Amorim Gustavo, Tao Ran, Lumley Thomas, Shaw Pamela A, Shepherd Bryan E
Department of Biostatistics, Vanderbilt University Medical Center, Nashville, TN, USA.
Vanderbilt Genetics Institute, Vanderbilt University Medical Center, Nashville, TN, USA.
Stat Med. 2025 Jul;44(15-17):e70111. doi: 10.1002/sim.70111.
Data collection procedures are often time-consuming and expensive. An alternative to collecting full information from all subjects enrolled in a study is a two-phase design: Variables that are inexpensive or easy to measure are obtained for the study population, and more specific, expensive, or hard-to-measure variables are collected only for a well-selected sample of individuals. Often, only these subjects that provided full information are used for inference, while those that were partially observed are discarded from the analysis. Recently, semiparametric approaches that use the entire dataset, resulting in fully efficient estimators, have been proposed. These estimators, however, have challenges incorporating multiple covariates, are computationally expensive, and depend on tuning parameters that affect their performance. In this paper, we propose an alternative semiparametric estimator that does not pose any distributional assumptions on the covariates or measurement error mechanism and can be applied to a wider range of settings. Although the proposed estimator is not semiparametric efficient, simulations show that the loss of efficiency to estimate the parameters associated with the partially observed covariates is minimal. We highlight the estimator's applicability to real-world problems, where data structures are complex and rich, and complicated regression models are often necessary.

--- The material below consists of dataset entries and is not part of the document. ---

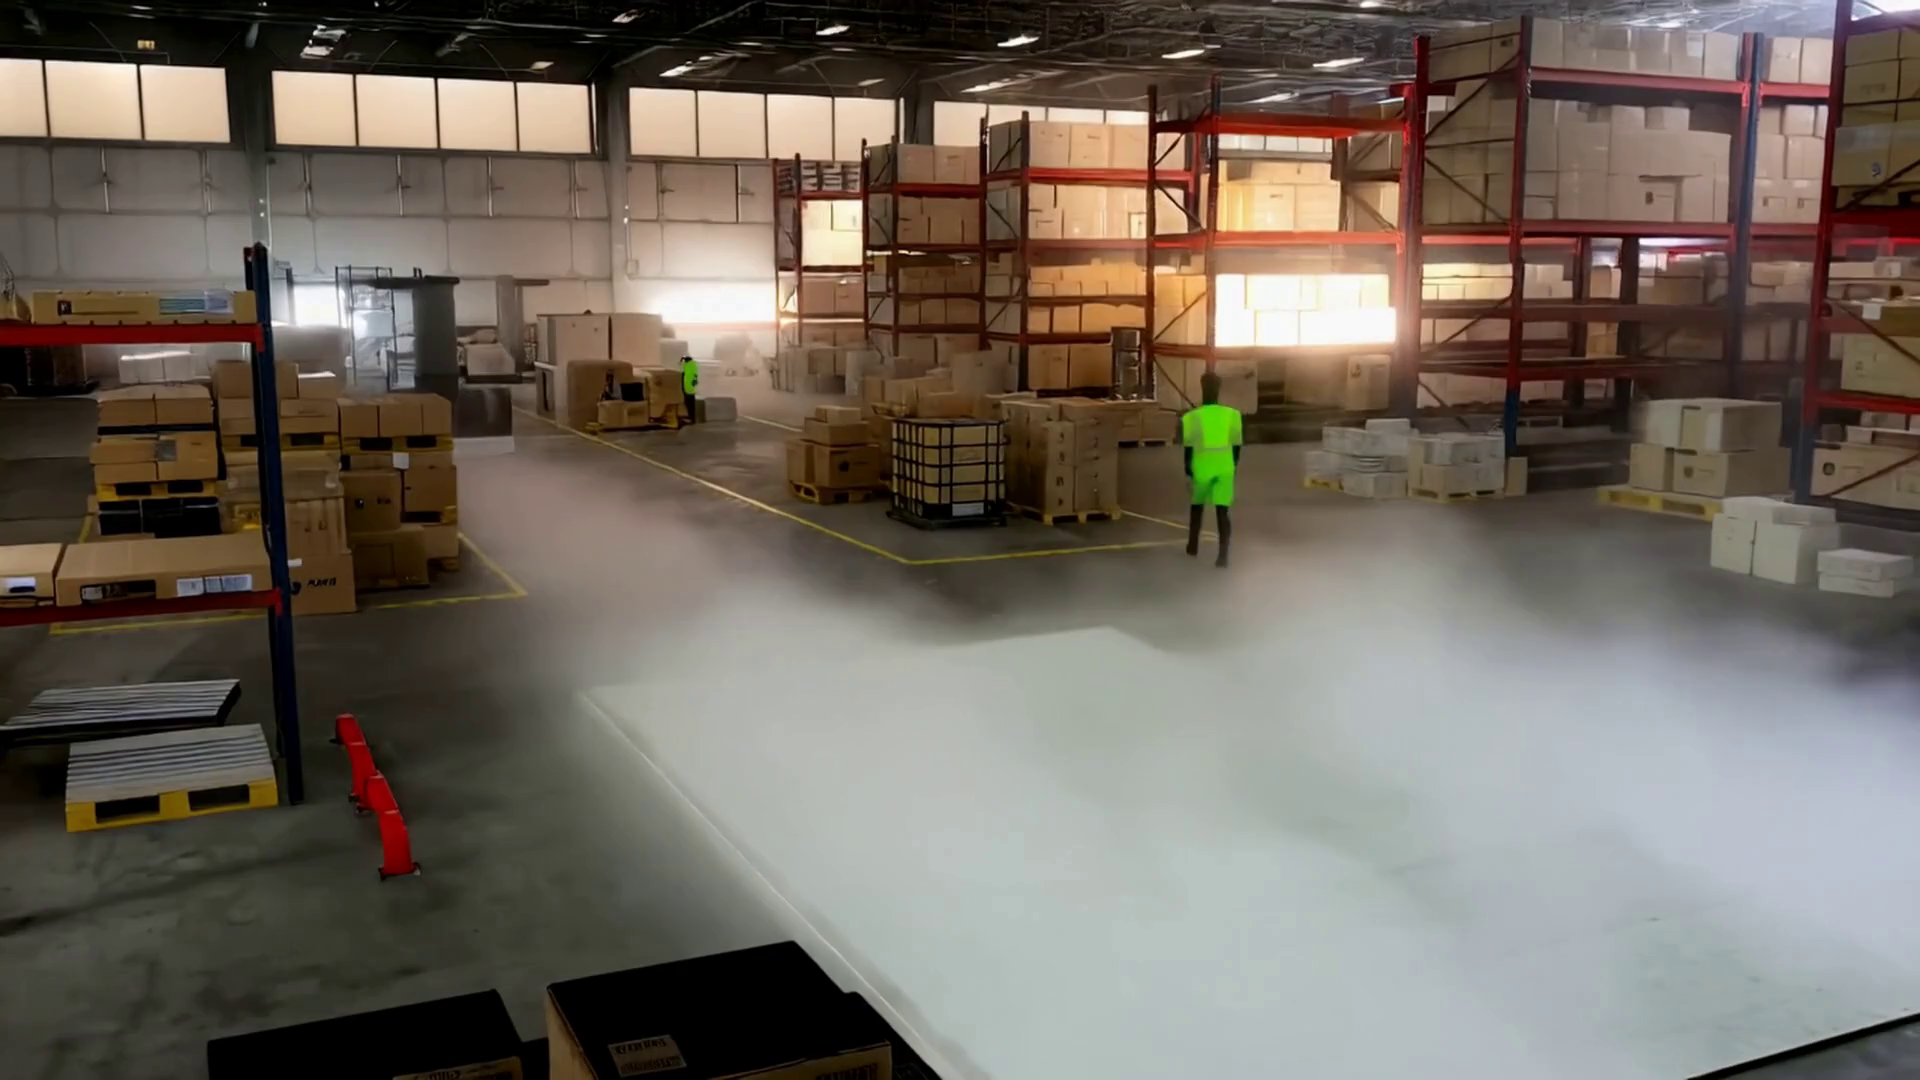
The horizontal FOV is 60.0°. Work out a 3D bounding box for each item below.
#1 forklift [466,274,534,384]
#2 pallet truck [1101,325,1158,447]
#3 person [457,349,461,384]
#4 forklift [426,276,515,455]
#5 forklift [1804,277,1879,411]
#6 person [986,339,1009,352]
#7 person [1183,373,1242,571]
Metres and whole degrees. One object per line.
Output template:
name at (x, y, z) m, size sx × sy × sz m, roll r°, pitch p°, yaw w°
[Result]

数据收集程序通常既耗时又昂贵。一种替代从研究中所有纳入的受试者收集完整信息的方法是两阶段设计:为研究人群获取成本低廉或易于测量的变量,而仅为精心挑选的个体样本收集更具体、成本更高或难以测量的变量。通常,只有提供完整信息的这些受试者才用于推断,而那些部分观测到的受试者则从分析中剔除。最近,有人提出了使用整个数据集的半参数方法,从而得到完全有效的估计量。然而,这些估计量在纳入多个协变量方面存在挑战,计算成本高昂,并且依赖于影响其性能的调整参数。在本文中,我们提出了一种替代的半参数估计量,它对协变量或测量误差机制不做任何分布假设,并且可以应用于更广泛的情形。虽然所提出的估计量不是半参数有效的,但模拟表明,估计与部分观测到的协变量相关参数时效率的损失最小。我们强调了该估计量在现实世界问题中的适用性,在这些问题中,数据结构复杂且丰富,通常需要复杂的回归模型。